Key findings: Vectara’s testing revealed that DeepSeek’s R1 model demonstrates notably higher rates of hallucination compared to other reasoning and open-source AI models.

  • OpenAI and Google’s closed reasoning models showed the lowest rates of hallucination in the tests
  • Alibaba’s Qwen model performed best among models with partially public code
  • DeepSeek’s earlier V3 model, which served as the foundation for R1, showed three times better accuracy than its successor

Technical context: AI hallucination refers to when AI models generate false or made-up information while appearing to provide accurate responses.
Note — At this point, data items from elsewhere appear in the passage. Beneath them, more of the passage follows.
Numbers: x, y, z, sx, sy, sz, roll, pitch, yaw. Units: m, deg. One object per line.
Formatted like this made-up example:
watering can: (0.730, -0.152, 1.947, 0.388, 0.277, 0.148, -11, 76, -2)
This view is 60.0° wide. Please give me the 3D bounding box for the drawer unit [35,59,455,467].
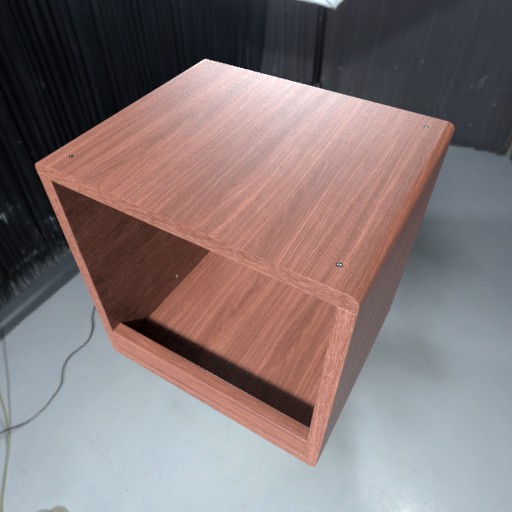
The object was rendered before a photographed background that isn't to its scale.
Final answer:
drawer unit: (0.000, 0.000, 0.596, 0.349, 0.351, 0.290, 23, 50, 21)
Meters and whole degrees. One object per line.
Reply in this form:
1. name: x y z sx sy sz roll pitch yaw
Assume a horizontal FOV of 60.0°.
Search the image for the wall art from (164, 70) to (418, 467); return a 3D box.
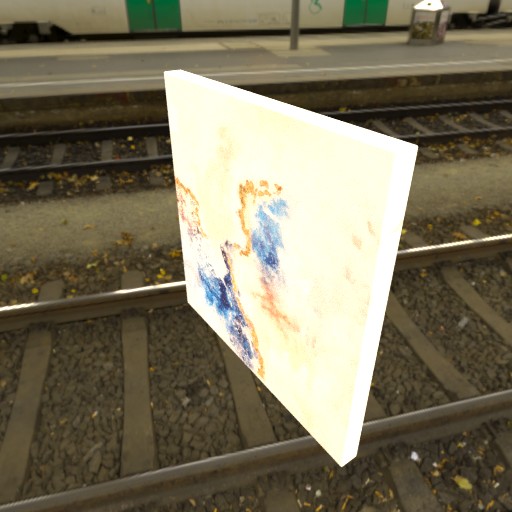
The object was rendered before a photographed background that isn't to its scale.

  • The issue stems from problems in the fine-tuning process rather than the reasoning capabilities themselves
  • Fine-tuning requires careful balance to maintain multiple capabilities while enhancing specific features
  • According to Vectara’s head of developer relations Ofer Mendelevitch, DeepSeek will likely address these issues in future updates

Independent verification: Recent testing by Wired writer Reece Rogers corroborates Vectara’s findings about DeepSeek’s accuracy issues.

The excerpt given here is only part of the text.